08 Mar, 2017

2 commits

  • Currently we do not allow patch module to unload since there is no
    method to determine if a task is still running in the patched code.

    The consistency model gives us the way because when the unpatching
    finishes we know that all tasks were marked as safe to call an original
    function. Thus every new call to the function calls the original code
    and at the same time no task can be somewhere in the patched code,
    because it had to leave that code to be marked as safe.

    We can safely let the patch module go after that.

    Completion is used for synchronization between module removal and sysfs
    infrastructure in a similar way to commit 942e443127e9 ("module: Fix
    mod->mkobj.kobj potentially freed too early").

    Note that we still do not allow the removal for immediate model, that is
    no consistency model. The module refcount may increase in this case if
    somebody disables and enables the patch several times. This should not
    cause any harm.

    With this change a call to try_module_get() is moved to
    __klp_enable_patch from klp_register_patch to make module reference
    counting symmetric (module_put() is in a patch disable path) and to
    allow to take a new reference to a disabled module when being enabled.

    Finally, we need to be very careful about possible races between
    klp_unregister_patch(), kobject_put() functions and operations
    on the related sysfs files.

    kobject_put(&patch->kobj) must be called without klp_mutex. Otherwise,
    it might be blocked by enabled_store() that needs the mutex as well.
    In addition, enabled_store() must check if the patch was not
    unregisted in the meantime.

    There is no need to do the same for other kobject_put() callsites
    at the moment. Their sysfs operations neither take the lock nor
    they access any data that might be freed in the meantime.

    There was an attempt to use kobjects the right way and prevent these
    races by design. But it made the patch definition more complicated
    and opened another can of worms. See
    https://lkml.kernel.org/r/1464018848-4303-1-git-send-email-pmladek@suse.com

    [Thanks to Petr Mladek for improving the commit message.]

    Signed-off-by: Miroslav Benes
    Signed-off-by: Josh Poimboeuf
    Reviewed-by: Petr Mladek
    Acked-by: Miroslav Benes
    Signed-off-by: Jiri Kosina

    Josh Poimboeuf
     
  • Change livepatch to use a basic per-task consistency model.
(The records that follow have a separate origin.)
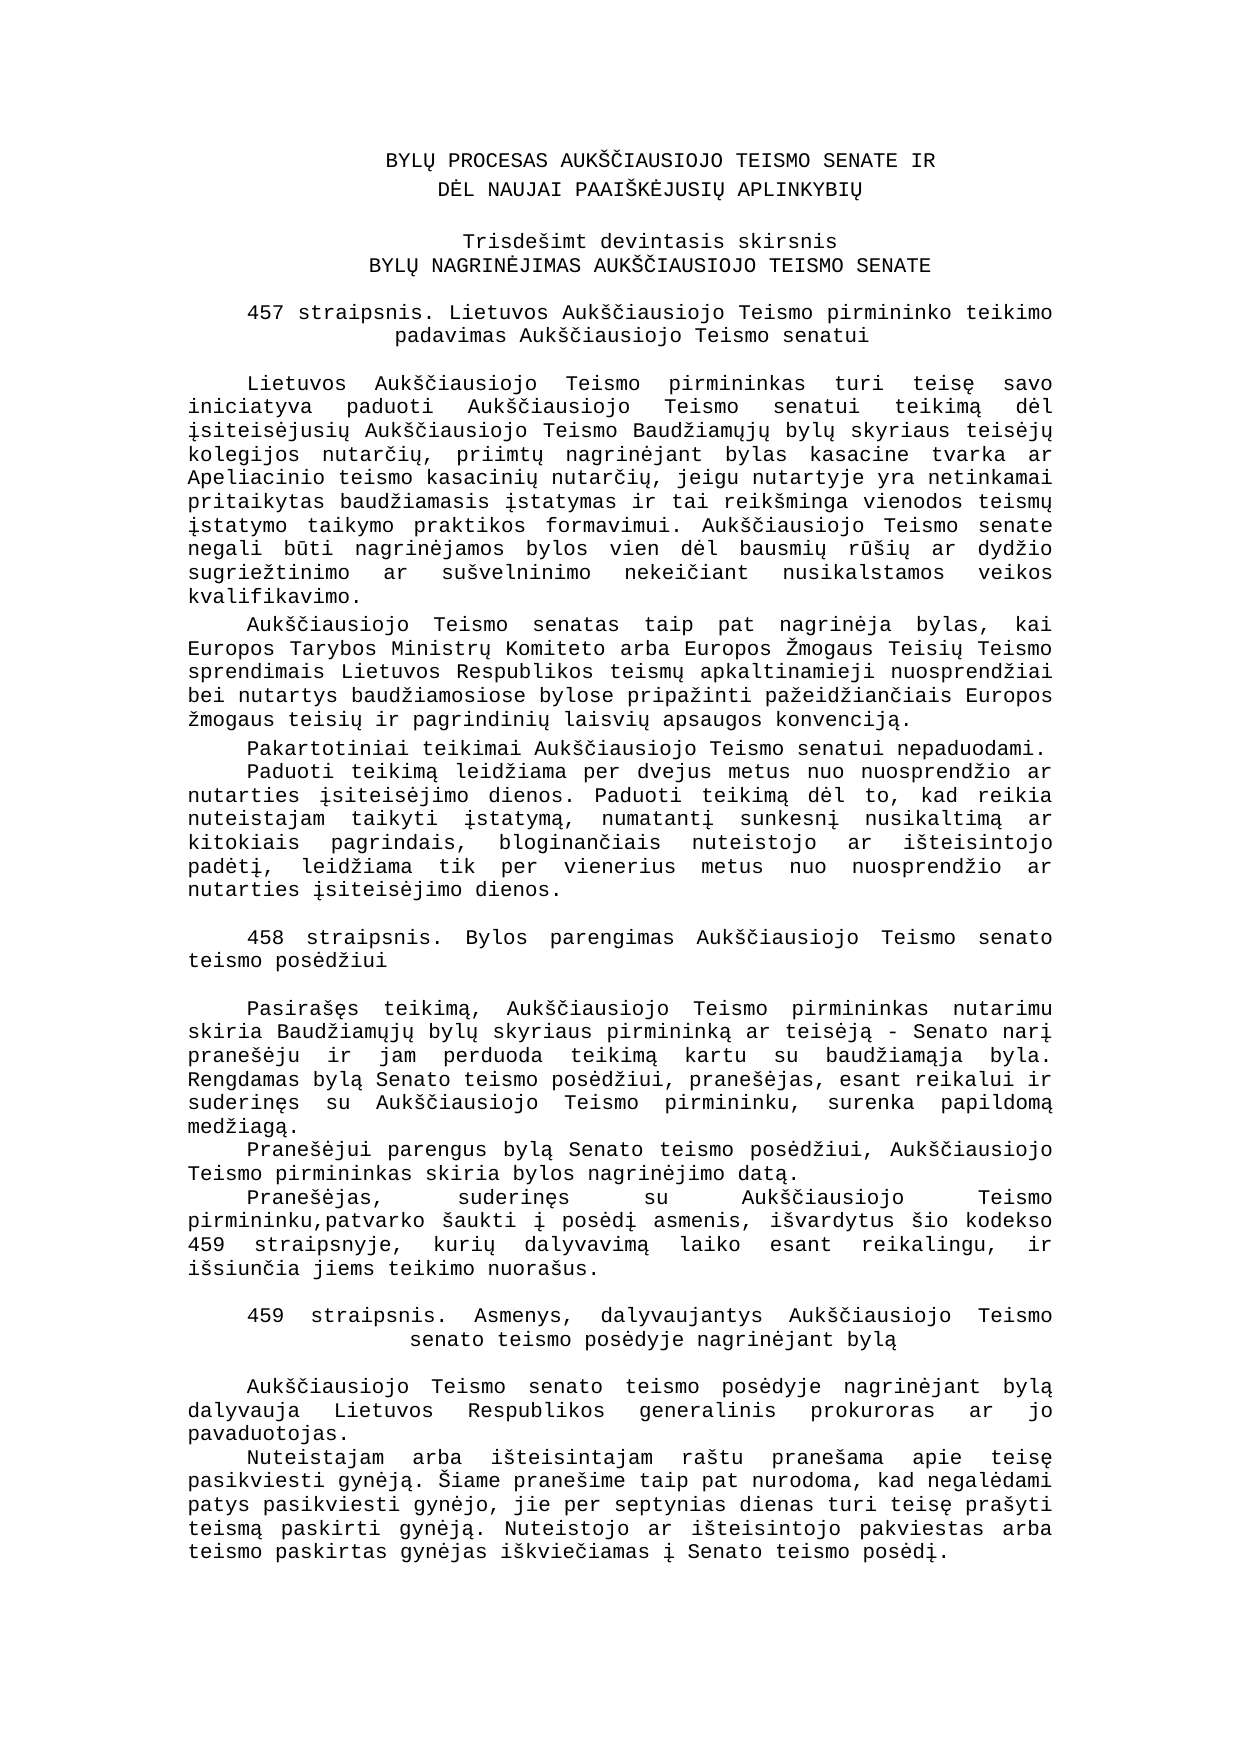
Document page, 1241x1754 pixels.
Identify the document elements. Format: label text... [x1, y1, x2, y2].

text Pakartotiniai teikimai Aukščiausiojo Teismo senatui nepaduodami. [187, 737, 1053, 761]
text 458 straipsnis. Bylos parengimas Aukščiausiojo Teismo senato teismo posėdžiui [187, 927, 1053, 974]
text Pranešėjas, suderinęs su Aukščiausiojo Teismo pirmininku,patvarko šaukti į posėdį asmenis, išvardytus šio kodekso 459 straipsnyje, kurių dalyvavimą laiko esant reikalingu, ir išsiunčia jiems teikimo nuorašus. [187, 1187, 1053, 1281]
text Aukščiausiojo Teismo senato teismo posėdyje nagrinėjant bylą dalyvauja Lietuvos Respublikos generalinis prokuroras ar jo pavaduotojas. [187, 1376, 1053, 1447]
text BYLŲ PROCESAS AUKŠČIAUSIOJO TEISMO SENATE IR [208, 150, 1053, 174]
text Pranešėjui parengus bylą Senato teismo posėdžiui, Aukščiausiojo Teismo pirmininkas skiria bylos nagrinėjimo datą. [187, 1139, 1053, 1187]
text Nuteistajam arba išteisintajam raštu pranešama apie teisę pasikviesti gynėją. Šiame pranešime taip pat nurodoma, kad negalėdami patys pasikviesti gynėjo, jie per septynias dienas turi teisę prašyti teismą paskirti gynėją. Nuteistojo ar išteisintojo pakviestas arba teismo paskirtas gynėjas iškviečiamas į Senato teismo posėdį. [187, 1447, 1053, 1565]
text Paduoti teikimą leidžiama per dvejus metus nuo nuosprendžio ar nutarties įsiteisėjimo dienos. Paduoti teikimą dėl to, kad reikia nuteistajam taikyti įstatymą, numatantį sunkesnį nusikaltimą ar kitokiais pagrindais, bloginančiais nuteistojo ar išteisintojo padėtį, leidžiama tik per vienerius metus nuo nuosprendžio ar nutarties įsiteisėjimo dienos. [187, 761, 1053, 903]
text 459 straipsnis. Asmenys, dalyvaujantys Aukščiausiojo Teismo senato teismo posėdyje nagrinėjant bylą [247, 1305, 1053, 1352]
text Trisdešimt devintasis skirsnis [187, 231, 1053, 254]
text Aukščiausiojo Teismo senatas taip pat nagrinėja bylas, kai Europos Tarybos Ministrų Komiteto arba Europos Žmogaus Teisių Teismo sprendimais Lietuvos Respublikos teismų apkaltinamieji nuosprendžiai bei nutartys baudžiamosiose bylose pripažinti pažeidžiančiais Europos žmogaus teisių ir pagrindinių laisvių apsaugos konvenciją. [187, 614, 1053, 732]
text Pasirašęs teikimą, Aukščiausiojo Teismo pirmininkas nutarimu skiria Baudžiamųjų bylų skyriaus pirmininką ar teisėją - Senato narį pranešėju ir jam perduoda teikimą kartu su baudžiamąja byla. Rengdamas bylą Senato teismo posėdžiui, pranešėjas, esant reikalui ir suderinęs su Aukščiausiojo Teismo pirmininku, surenka papildomą medžiagą. [187, 998, 1053, 1139]
text 457 straipsnis. Lietuvos Aukščiausiojo Teismo pirmininko teikimo padavimas Aukščiausiojo Teismo senatui [247, 302, 1053, 349]
text Lietuvos Aukščiausiojo Teismo pirmininkas turi teisę savo iniciatyva paduoti Aukščiausiojo Teismo senatui teikimą dėl įsiteisėjusių Aukščiausiojo Teismo Baudžiamųjų bylų skyriaus teisėjų kolegijos nutarčių, priimtų nagrinėjant bylas kasacine tvarka ar Apeliacinio teismo kasacinių nutarčių, jeigu nutartyje yra netinkamai pritaikytas baudžiamasis įstatymas ir tai reikšminga vienodos teismų įstatymo taikymo praktikos formavimui. Aukščiausiojo Teismo senate negali būti nagrinėjamos bylos vien dėl bausmių rūšių ar dydžio sugriežtinimo ar sušvelninimo nekeičiant nusikalstamos veikos kvalifikavimo. [187, 373, 1053, 609]
text DĖL NAUJAI PAAIŠKĖJUSIŲ APLINKYBIŲ [187, 179, 1053, 202]
text BYLŲ NAGRINĖJIMAS AUKŠČIAUSIOJO TEISMO SENATE [187, 254, 1053, 278]

This is the
    foundation which will eventually enable us to patch those ~10% of
    security patches which change function or data semantics. This is the
    biggest remaining piece needed to make livepatch more generally useful.

    This code stems from the design proposal made by Vojtech [1] in November
    2014. It's a hybrid of kGraft and kpatch: it uses kGraft's per-task
    consistency and syscall barrier switching combined with kpatch's stack
    trace switching. There are also a number of fallback options which make
    it quite flexible.

    Patches are applied on a per-task basis, when the task is deemed safe to
    switch over. When a patch is enabled, livepatch enters into a
    transition state where tasks are converging to the patched state.
    Usually this transition state can complete in a few seconds. The same
    sequence occurs when a patch is disabled, except the tasks converge from
    the patched state to the unpatched state.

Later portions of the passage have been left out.